Новое восхитительное ощущение свободы так вскружило Баранову голову, что он даже решился нарисовать ню, очень розовую и толстомясую, разумеется, по памяти. Но Анна, к тому времени ее взяли на работу в многотиражный информационно-публицистический журнал как специалиста по коммунизму и нацизму, в этой ситуации повела себя очень круто. Ножом для резки хлеба разобралась с картиной, а потом уволила кухарку, розовощекую, крепко сбитую девушку-чешку, несмотря на то что та, пытаясь сохранить за собой работу, пошла к уважаемому гинекологу, который подтвердил ее девственность.

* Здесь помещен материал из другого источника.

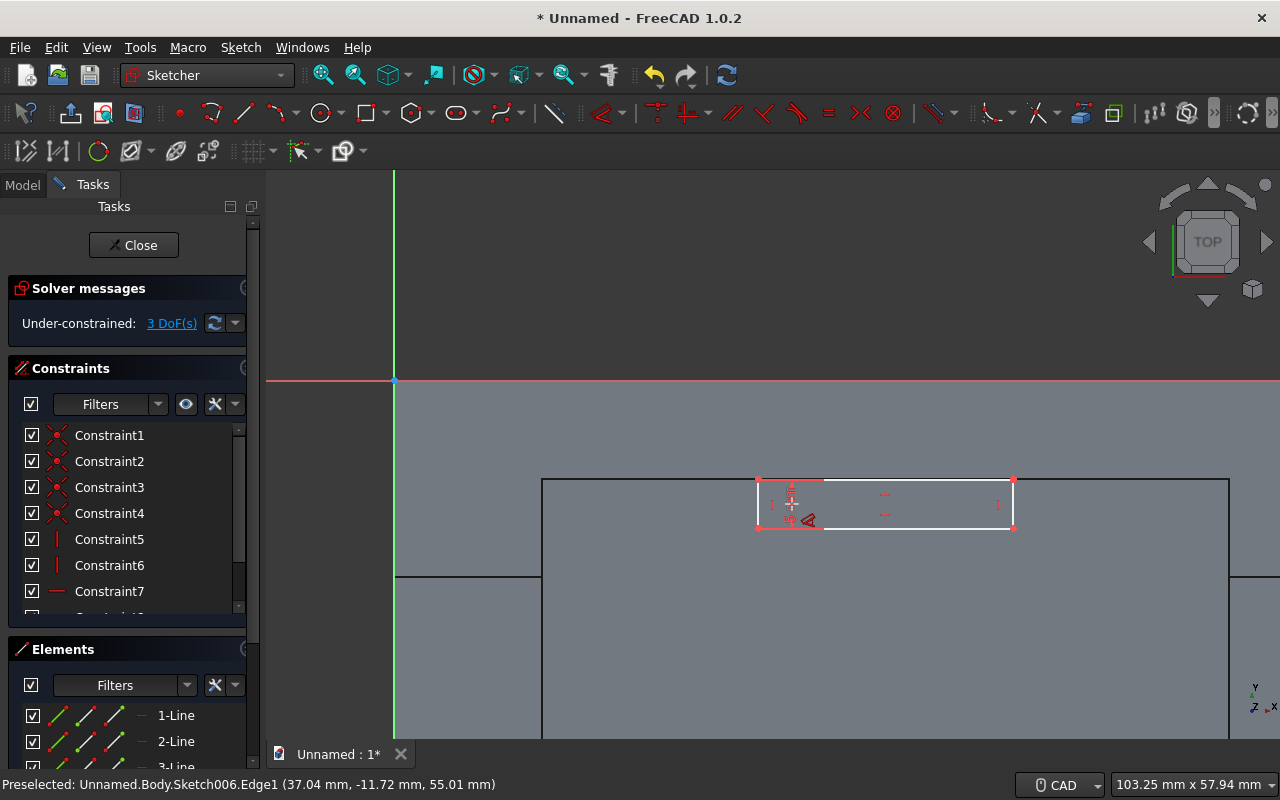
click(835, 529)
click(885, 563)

В Америке, где мужчины давно привыкли слушать женщин и где коллеги как завороженные внимали бурлящему словесному потоку, срывающемуся с губ Анны, к ней пришел успех, в сравнении с которым ее европейские достижения казались каплей в море. К окончанию войны главный редактор журнала, в котором она работала, передал в ее ведение отделы политики, медицины для женщин, моды, книг и, разумеется, воспитания подрастающего поколения. Анна даже пристроила в журнал Суварнина, рецензентом кинофильмов. Он писал рецензии до осени сорок седьмого года, пока практически не ослеп.

Анна стала заметной фигурой и в Вашингтоне, где многократно давала показания перед важными комиссиями конгресса по самым различным вопросам, от пересылки запрещенной литературы по почте до результативности сексуального воспитания в общеобразовательных школах нескольких северных государств. Дело дошло даже до того, что однажды младший сенатор от одного из западных штатов в лифте ущипнул ее за левую ягодицу. Само собой, Анну приглашали на бесчисленные обеды, съезды, приемы, вечеринки, и всюду ее сопровождал верный Баранов. Вначале, живя в свободной атмосфере литературно-артистической Америки, Баранов напрочь лишился молчаливости, свойственной ему в последние годы жизни в Москве. Он часто смеялся, по первой же просьбе пел старые красноармейские песни, смешивал «Манхэттены» в домах друзей, охотно участвовал в дискуссиях на самые разные темы. Но через некоторое время красноречие Баранова начало давать сбои. Пережевывая арахис, односложно отвечая на вопросы, на всех общественных мероприятиях он стоял рядом с Анной, не сводил с нее глаз, ловя каждое слово, вслушивался в ее рассуждения о великом предназначении республиканской партии, современных театральных тенденциях и сложности американской конституции. Примерно в этот период у Баранова возникли проблемы со сном. Он похудел и начал работать по ночам.

Даже полуслепой, Суварнин видел, что происходит. И с нетерпением ждал великого дня. Заранее написал более чем трогательное эссе, вновь, как и в Москве, восславляющее гений друга. Суварнин принадлежал к тем писателям, которые не находят себе места из-за того, что хоть одно написанное ими слово остается неопубликованным. И тот факт, что волею судеб он не мог выразить распиравшие его чувства, подогревал нетерпение Суварнина. Кроме того, возможность вновь писать о живописи грела душу.

Как-то утром, после того как Анна уехала в город и в доме воцарилась тишина, Баранов зашел в комнату Суварнина.

– Я хочу, чтобы ты заглянул в мою мастерскую.

По телу критика пробежала дрожь. Пошатываясь, он вслед за Барановым пересек подъездную дорожку, разделявшую дом и амбар, который Баранов переоборудовал в мастерскую. Подслеповато щурясь, долго смотрел на огромное полотно.

– Это, это… – смущенно забормотал он, – это потрясающе! Вот. – Он достал из кармана несколько сложенных листков. – Посмотри, что я хочу сказать по этому поводу.

Дочитав хвалебное эссе, Баранов смахнул с глаз слезы. Потом шагнул к Суварнину и поцеловал его. На этот раз прятать шедевр не было никакой необходимости. Баранов осторожно скатал холст, положил в футляр и в сопровождении Суварнина поехал к своему арт-дилеру. Однако по молчаливой договоренности ни он сам, ни Суварнин ничего не сказали Анне.